# What you should do
The data follows this line. Copy verbatim the line with "As_uni[i] = (As==a).sum()" and each line after it to the end.

# Given information
*****

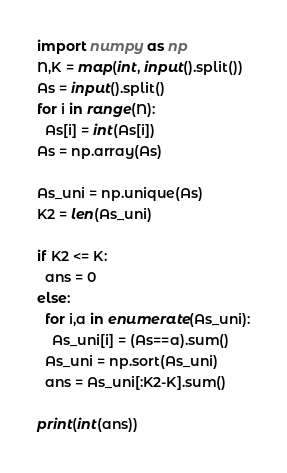<code> <loc_0><loc_0><loc_500><loc_500><_Python_>import numpy as np
N,K = map(int, input().split())
As = input().split()
for i in range(N):
  As[i] = int(As[i])
As = np.array(As)

As_uni = np.unique(As)
K2 = len(As_uni)

if K2 <= K:
  ans = 0
else:
  for i,a in enumerate(As_uni):
    As_uni[i] = (As==a).sum()
  As_uni = np.sort(As_uni)
  ans = As_uni[:K2-K].sum()
  
print(int(ans))</code>

*****

# Exercise result
    As_uni[i] = (As==a).sum()
  As_uni = np.sort(As_uni)
  ans = As_uni[:K2-K].sum()
  
print(int(ans))</code>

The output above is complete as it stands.